Hasta que llegó el aullido tarzanesco de Iago Negueruela en «no queremos a esa gente», la esencia del turismo mallorquín era recibir al máximo de extranjeros posibles, y que alborotaran todo lo que consideraran necesario. Ahora se les acoge como un mal menor y se les exige un comportamiento decoroso. Aunque solo sea a beneficio de inventario, la autoridad ha amenazado con enviarles a la policía para documentar que se ajustan a las restricciones, una vulneración sin precedentes.

Mallorca ha dado por iniciada la temporada del turismo clandestino, con un remordimiento que lleva a la conselleria a defender semanalmente que aquí solo contagian los nativos. Y cuando la autoridad casi había convencido a la población de que debía resignarse a su condición de meta de la ganadería intensiva turística, Italia (y no Nueva Zelanda) impone un confinamiento de cinco días a todos los viajeros. Produce cierto apuro contrastar una cuarentena seria con la pantuflesca obligatoriedad de la mascarilla en una playa nudista.

La resignación hipócrita en destino contrasta con la cólera nada disimulada de Berlín.

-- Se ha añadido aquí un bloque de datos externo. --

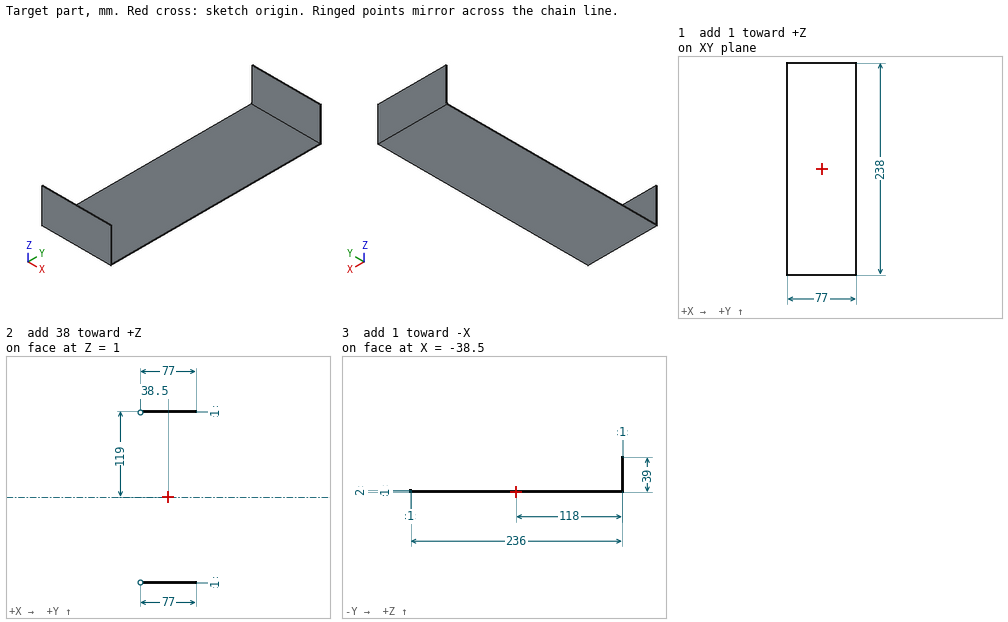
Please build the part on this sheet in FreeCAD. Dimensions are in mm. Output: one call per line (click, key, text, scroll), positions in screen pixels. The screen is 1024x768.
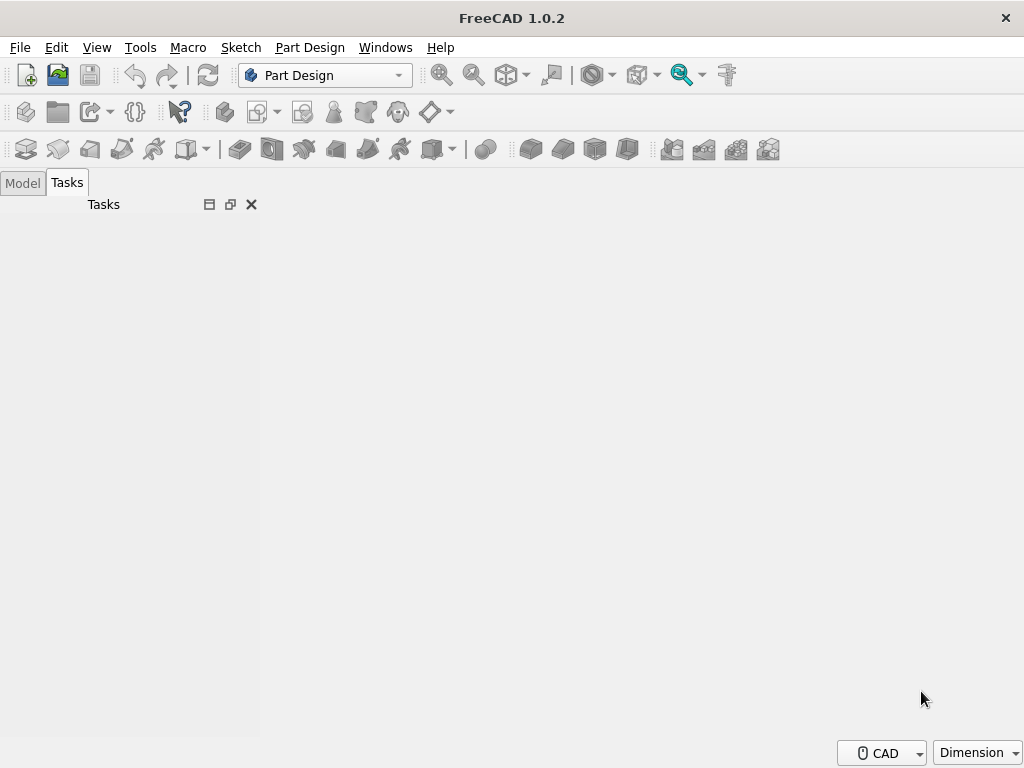
click(26, 76)
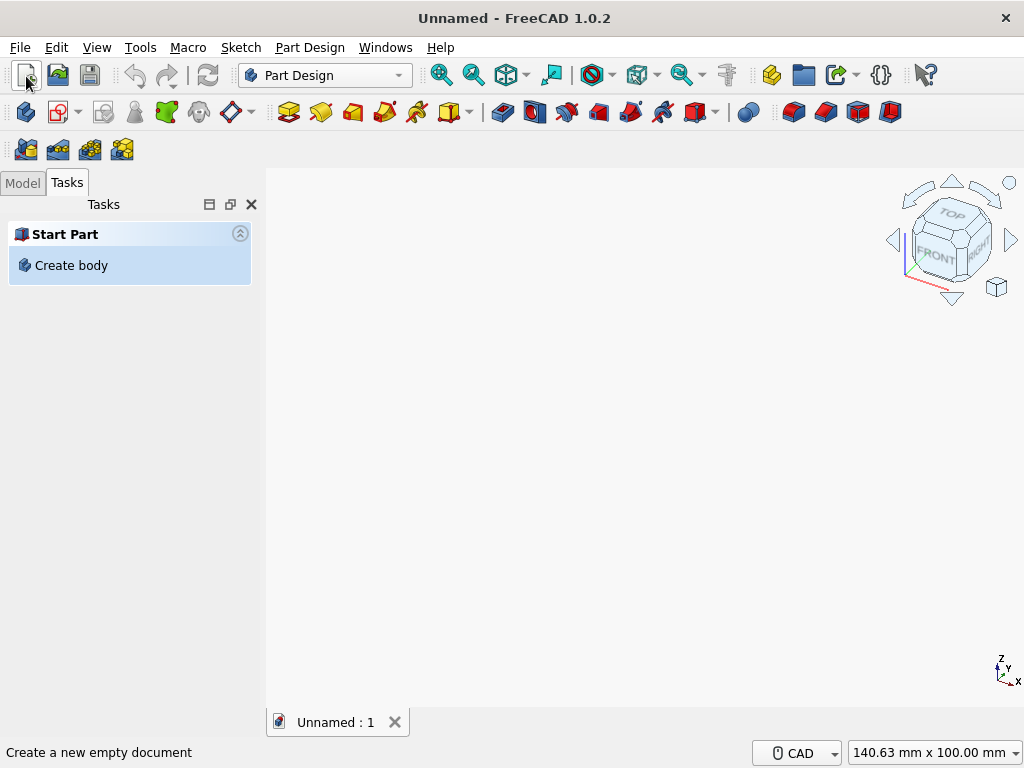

No peca de revolucionario admitir que Merkel es más importante que Sánchez para Mallorca. A partir de ahí, la cancillera y veraneante alpina ha sufrido una derrota en toda regla en la isla. La mamá o abuelita alemana, Mutti u Omi, ha sido desobedecida en masa por los turistas clandestinos.

Tras el apocalíptico «moveré cielo y tierra para que no viajen a Mallorca», la cancillera estaba convencida de que la condena a purgar una posible infección en la isla disuadiría a sus compatriotas. Como bien predijo un dirigente de TUI, «vendrán de todas formas». Para los amigos de las paradojas, el accionariado del turoperador que ha obligado a abrir sus hoteles en la isla está controlado por Berlín.

No se ignora impunemente el magnetismo irresistible del sol. Un analista pretencioso suscribiría que Merkel ha embarrado definitivamente su legado en la isla. Un gobernante puede permitirse una gestión pésima del coronavirus, pecado casi unánime en Europa, pero no la sensación humillante de que ha sido desobedecido y burlado por sus administrados.

En la inauguración del turismo de recogimiento casi pascual, Mallorca iba a llevarse una sorpresa adicional, al descubrirse que el heredero del Magaluf exorcizado por Negueruela iba a ser el Madrid de Díaz Ayuso. Y aunque las estampas de desórdenes callejeros hablaban por sí solas, dolía escuchar a la anestesista Mónica García formular un definitivo «vamos a acabar con esto de que Madrid sea Magaluf».

La candidata de Más Madrid se veía reforzada por su correligionaria Rita Maestre, con un contundente «a Almeida y Ayuso solo les falta repartir los flyers». Las protestas ante la equiparación se centraban en el presunto insulto a la capital, sin reparar en el agravio al enclave mallorquín. Pues bien, si Madrid es el Magaluf de España, entonces Magaluf es el Madrid de Mallorca.